Effect of ICP8 DDE mutation on DNA binding. (A) His-tagged wild-type and DDE mutant ICP8 proteins were expressed from recombinant baculoviruses and were purified from infected Sf21 cells. Purified proteins were resolved by SDS-PAGE, and the gel was stained with Coomassie blue stain. (B) The indicated concentration of each protein was incubated with radiolabeled oligo(dT)₂₅ DNA, and protein-DNA complexes were resolved on a 5% native polyacrylamide gel.

Fig 4

Effect of the ICP8 DDE mutation on recognition by the conformation-specific antibody 39S. Vero cells were either mock infected or infected with the indicated virus at an MOI of 10 PFU/cell.
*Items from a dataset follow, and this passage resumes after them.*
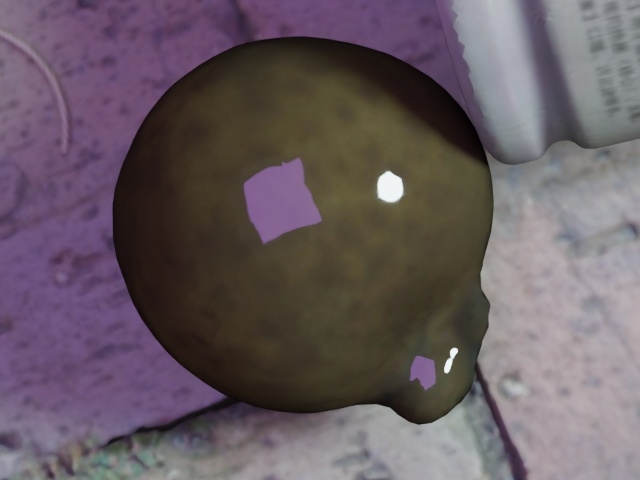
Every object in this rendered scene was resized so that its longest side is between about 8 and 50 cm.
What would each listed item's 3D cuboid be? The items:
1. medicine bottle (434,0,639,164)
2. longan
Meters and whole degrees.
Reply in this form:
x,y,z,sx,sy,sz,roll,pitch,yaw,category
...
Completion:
x,y,z,sx,sy,sz,roll,pitch,yaw,category
0.208,-0.163,0.773,0.315,0.202,0.202,-13,79,13,medicine bottle
0.000,0.000,0.824,0.185,0.159,0.204,-40,86,18,longan

At 10 hpi, the cells were fixed and stained with either the α-ICP8 39S conformation-specific antibody (green; left) or the 3-83 antibody, which detects total ICP8 (red; center).

Fig 5

Effects of the ICP8 DDE mutation on viral yield and plating efficiency. (A) Vero and V529 cells were infected at an MOI of 10 PFU/cell with either wild-type HSV-1, the 8DDEm mutant virus, the 8DDEm-R rescued virus, or pm1.a virus. Viral yield samples were harvested at the times indicated, and viral yields were determined by plaque assays on V529 cells. Similar results were seen in two additional independent experiments. (B) Serial dilutions of wild-type HSV-1, the 8DDEm mutant virus, and the 8DDEm-R rescued virus were plated on Vero and V529 cells. The titer of each virus on each cell line is displayed. The values shown are averages for two independent experiments, each performed in duplicate. Error bars represent standard deviations.

Fig 6

Effect of the ICP8 DDE mutation on viral DNA synthesis. Vero cells were infected at an MOI of 10 PFU/cell with either wild-type HSV-1, the ICP8 DDEm mutant, the 8DDEm-R rescued virus, or the ICP8 mutant pm1.a, which is defective for DNA binding and replication of viral DNA. Total DNA was harvested at the times indicated, and viral DNA levels in each sample were determined by real-time PCR and were normalized to the levels of cellular DNA. Similar results were seen in two additional independent experiments.

Fig 7

Effect of the ICP8 DDE mutation on viral gene expression. Vero cells were infected with either wild-type HSV-1, the ICP8 DDEm mutant, or the 8DDEm-R rescued virus, and lysates were prepared for immunoblotting at the indicated times (hours). Polypeptides were resolved by SDS-PAGE, transferred to a PVDF membrane, and probed for representative immediate-early (ICP27), early (ICP8), and late (gC) gene products.

Fig 8

Effect of the DDE mutation on iron-dependent cleavage of ICP8. Purified His-tagged wild-type ICP8 or ICP8 DDE mutant protein, either in the presence or in the absence of oligo(dT)₂₅ DNA, was either mock treated or treated with the iron/hydroxyl radical reagents. Following the iron-dependent cleavage reaction, samples were resolved by SDS-PAGE, transferred to a PVDF membrane, and probed for ICP8.